原文 · 未翻译
OpenAI researchers explain why math is the road to AGI
AI models have jumped from grade-school arithmetic to olympiad-level and research mathematics in only two years. In the OpenAI Podcast, OpenAI researchers Sebastian Bubeck and Ernest Ryu explain why math has become the key test on the road to artificial general intelligence.
Reasoning models didn't exist two years ago. Four years ago, Bubeck was impressed when Google's Minerva model could draw a line through points on a coordinate system. Today, he told Andrew Mayne, these systems are helping Fields Medal winners with their daily work. At a conference 18 months ago, 80 percent of the mathematicians in the room thought it was impossible for scaled-up LLMs to crack open research problems, Bubeck says.
Ernest Ryu, a former UCLA math professor, says he solved a 42-year-old open problem about Nesterov's method in optimization theory using ChatGPT - in just twelve hours spread across three evenings. He had already spent more than 40 hours on it without AI and gotten nowhere. Ryu acted as a verifier, catching errors and steering the conversation in promising directions.

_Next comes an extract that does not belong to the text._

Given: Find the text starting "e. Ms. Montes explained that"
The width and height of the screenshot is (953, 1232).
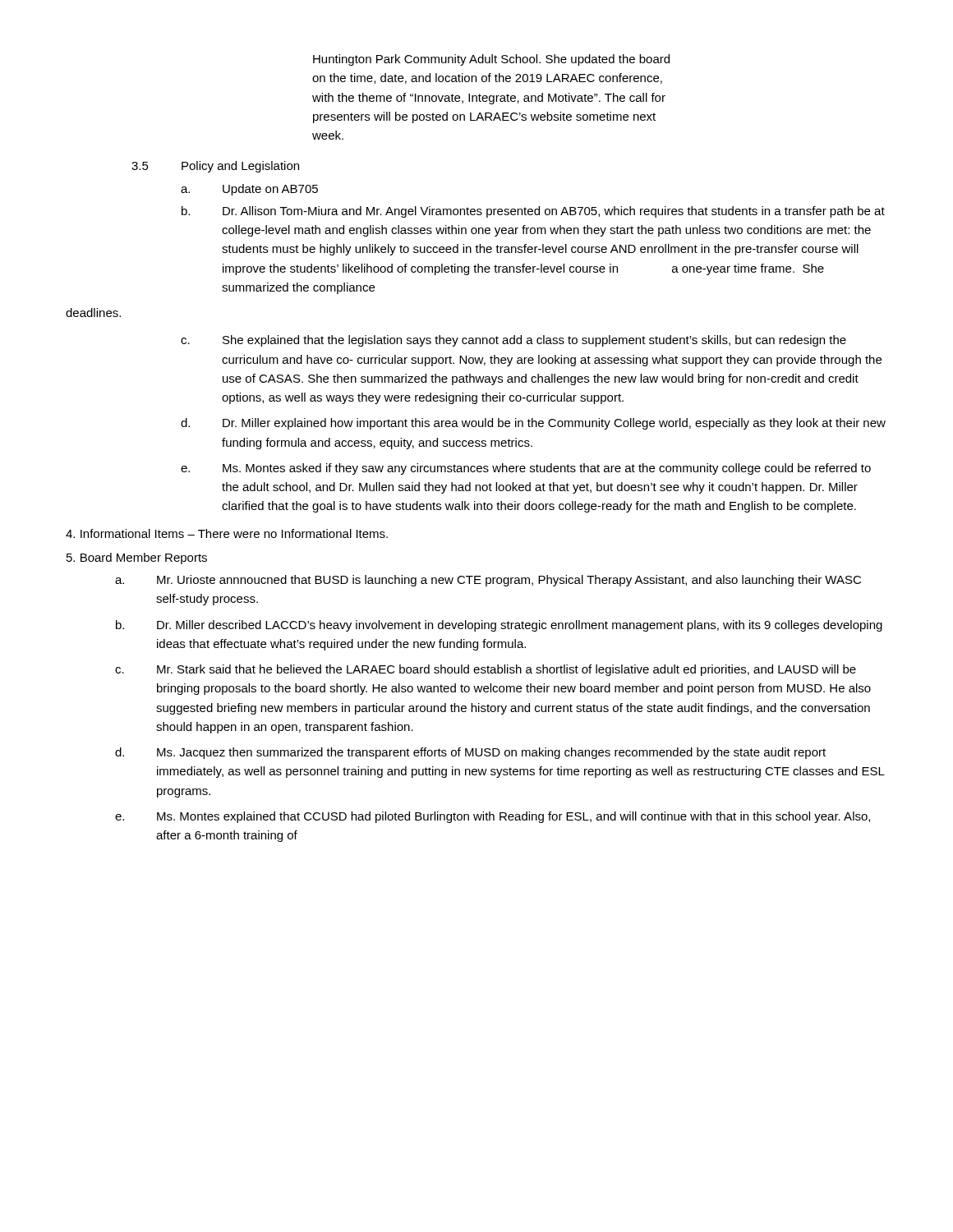Looking at the screenshot, I should coord(501,825).

Why math has become the benchmark for AGI
For Bubeck, math isn't the yardstick for AGI progress by accident. It demands exactly the kind of capability a generally intelligent system needs. Mathematical proofs require long, consistent reasoning over hours, days, or even years, and a single mistake anywhere in the chain destroys the entire argument, no matter how correct the rest is. Anything that can handle that has to be able to spot and fix its own errors.
That's what the researchers want to carry over from math training into other fields, from biology to materials science. Bubeck draws a parallel with how people are educated: students learn math not because they'll go on to write proofs, but because the subject forces them to think logically.
Math also has practical advantages as a benchmark. Problems are clearly stated, answers can be checked, and nobody argues about whether a result is correct. Bubeck introduces the idea of "AGI time": two years ago, models could simulate a student's thinking for minutes. Today, they're up to days or even a week. The next target is weeks and months.
OpenAI's training methods aren't specific to math, Bubeck says, but general, which means progress in other sciences should follow. The researchers are building an "automated researcher" that can work on problems on its own over long stretches of time.
The Erdős problems and the fight over what they mean
Bubeck and Ryu also dig into the Erdős problems, a collection of open questions left behind by the late Hungarian mathematician. Bubeck says internal models initially found solutions to ten problems marked as open, mostly through deep literature searches. His misleading tweet about it sparked a public spat with Google CEO Demis Hassabis, since many people read it as a claim that OpenAI had produced new proofs. By now, Bubeck says, ChatGPT and internal models have actually produced more than ten genuinely new solutions worthy of publication in academic journals.